Chuckling, the doctor said, "Since you’re playing one of those miserable, money-grubbing kikes, of course you’ll be happy about the raise you’re getting for going all out."

"As long as my eel still goes up after this, that’s the only raise I care about right now," Veit answered. The doctor laughed again and went to work.

Bandaging up afterward took longer than the actual procedure. As Veit was carefully pulling up his pants, the doctor said, "Take your first pill in about an hour. That way, it’ll be working when the local wears off."

"That would be good," Veit agreed. He got one more laugh from the man in the white coat. No doubt everything seemed funnier when you were on the other end of the scalpel.

He didn’t have Kristi drive home; he did it himself, with his legs splayed wide. He couldn’t feel anything--the anesthetic was still going strong--but he did even so. He dutifully swallowed the pill at the appointed time. Things started hurting anyway: hurting like hell, not to put too fine a point on it. Veit gulped another pill. It was too soon after the first, but he did it all the same.

Two pain pills were better than one, but not enough. He still hurt. The pills did make his head feel like a balloon attached to his body on a long string. What happened from his neck down was still there, but only distantly connected to the part of him that noticed.

He ate whatever Kristi put on the table. Afterward, he remembered eating, but not what he’d eaten.

He wandered out into the front room and sat down in front of the TV. He might do that any evening to unwind from a long day of being a Jew, but this felt different. The screen in front of him swallowed all of his consciousness that didn’t sting.

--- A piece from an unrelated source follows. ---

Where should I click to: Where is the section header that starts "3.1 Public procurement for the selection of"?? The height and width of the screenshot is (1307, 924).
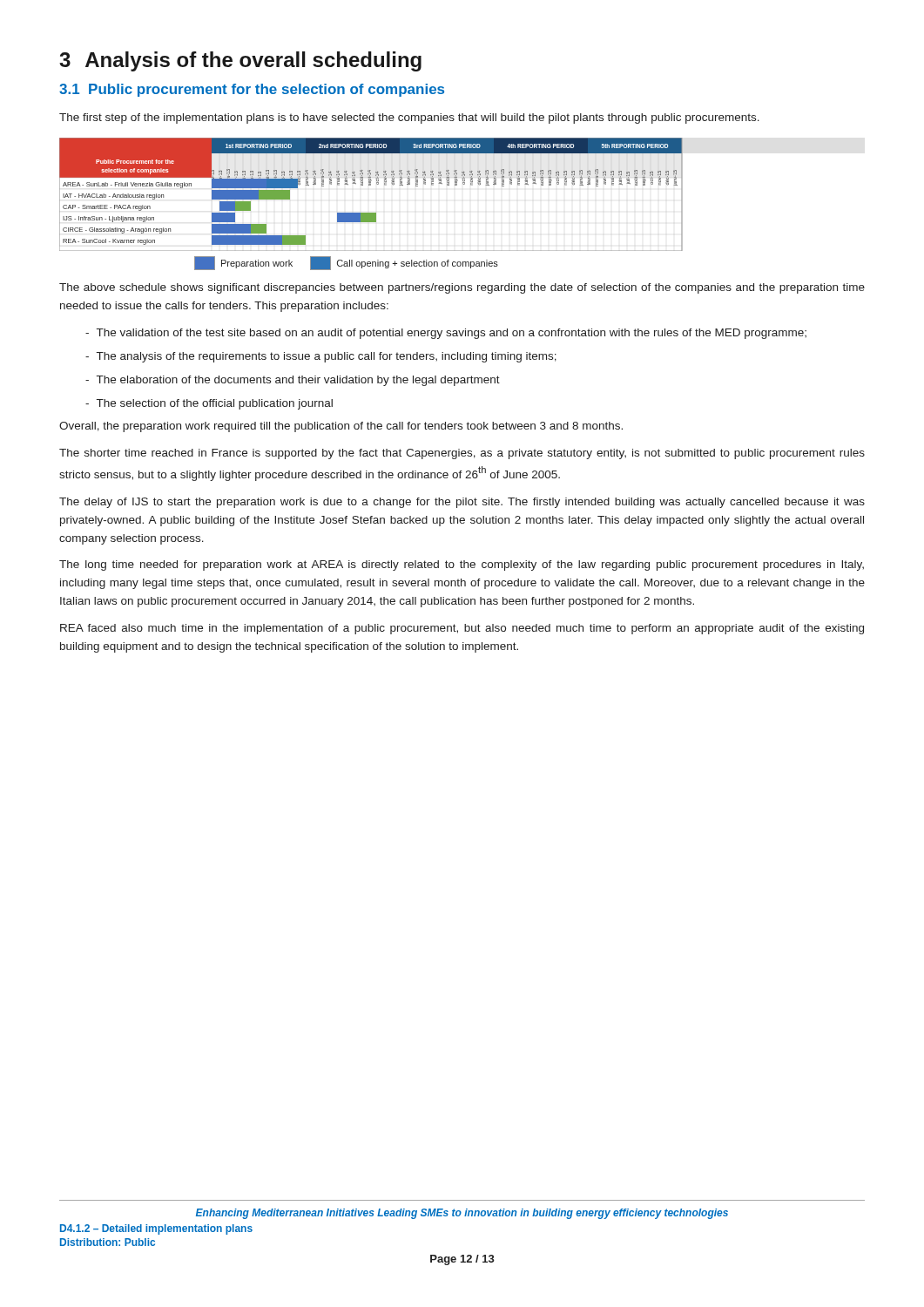(x=252, y=90)

Which was odd, because the channel he’d chosen more or less at random was showing a string of ancient movies: movies from before the War of Retribution, movies in black and white. Normally, Veit had no patience for that. He lived in a black-and-white world in Wawolnice. When he watched the television, he wanted something brighter, something more interesting.

Tonight, though, with the two pain pills pumping through him, he just didn’t care. The TV was on. He’d watch it. He didn’t have to think while he stared at the pictures. Something called Bringing Up Baby was running. It was funny even though it was dubbed. It was funny even though he was drugged.